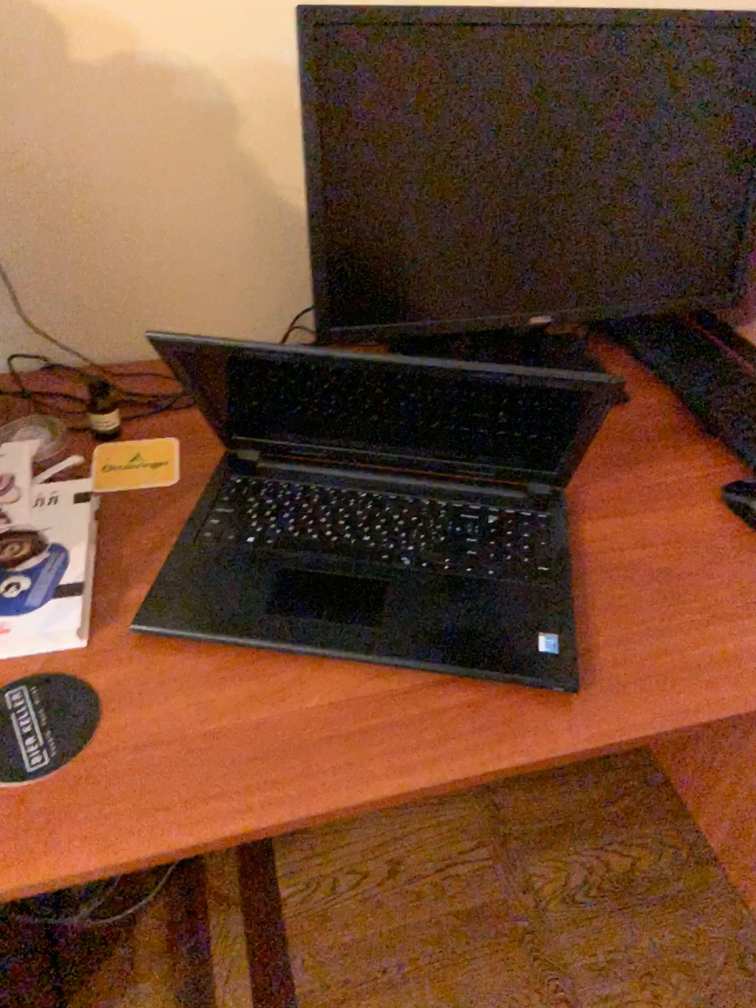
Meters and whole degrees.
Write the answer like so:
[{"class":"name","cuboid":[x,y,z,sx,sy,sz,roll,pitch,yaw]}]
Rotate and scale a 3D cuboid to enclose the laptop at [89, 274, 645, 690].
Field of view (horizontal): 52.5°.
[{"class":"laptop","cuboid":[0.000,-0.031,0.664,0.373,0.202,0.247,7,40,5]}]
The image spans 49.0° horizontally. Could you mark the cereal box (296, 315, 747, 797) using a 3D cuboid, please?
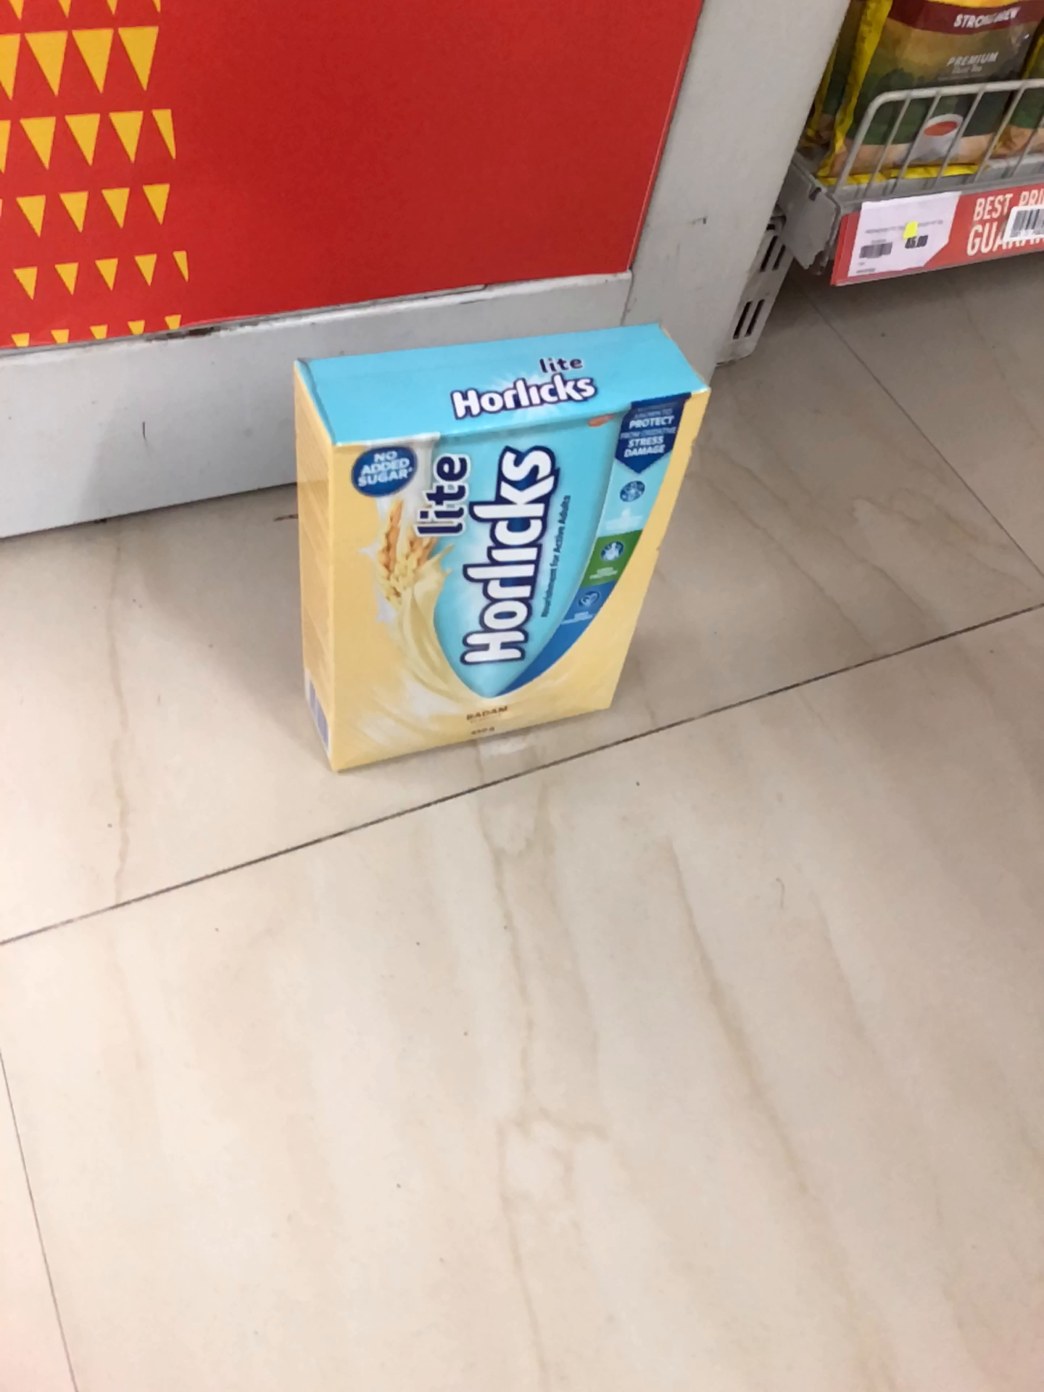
_ _ _ _ _
[REQUIREMENT] Leaving the pictures out, reproduce the entries above exactly.

[WRITTEN RESPONSE]
Meters and whole degrees.
Write the answer like so:
[{"class":"name","cuboid":[x,y,z,sx,sy,sz,roll,pitch,yaw]}]
Rotate and scale a 3D cuboid to enclose the laptop at [89, 274, 645, 690].
Field of view (horizontal): 52.5°.
[{"class":"laptop","cuboid":[0.000,-0.031,0.664,0.373,0.202,0.247,7,40,5]}]
The image spans 49.0° horizontally. Could you mark the cereal box (296, 315, 747, 797) using a 3D cuboid, please?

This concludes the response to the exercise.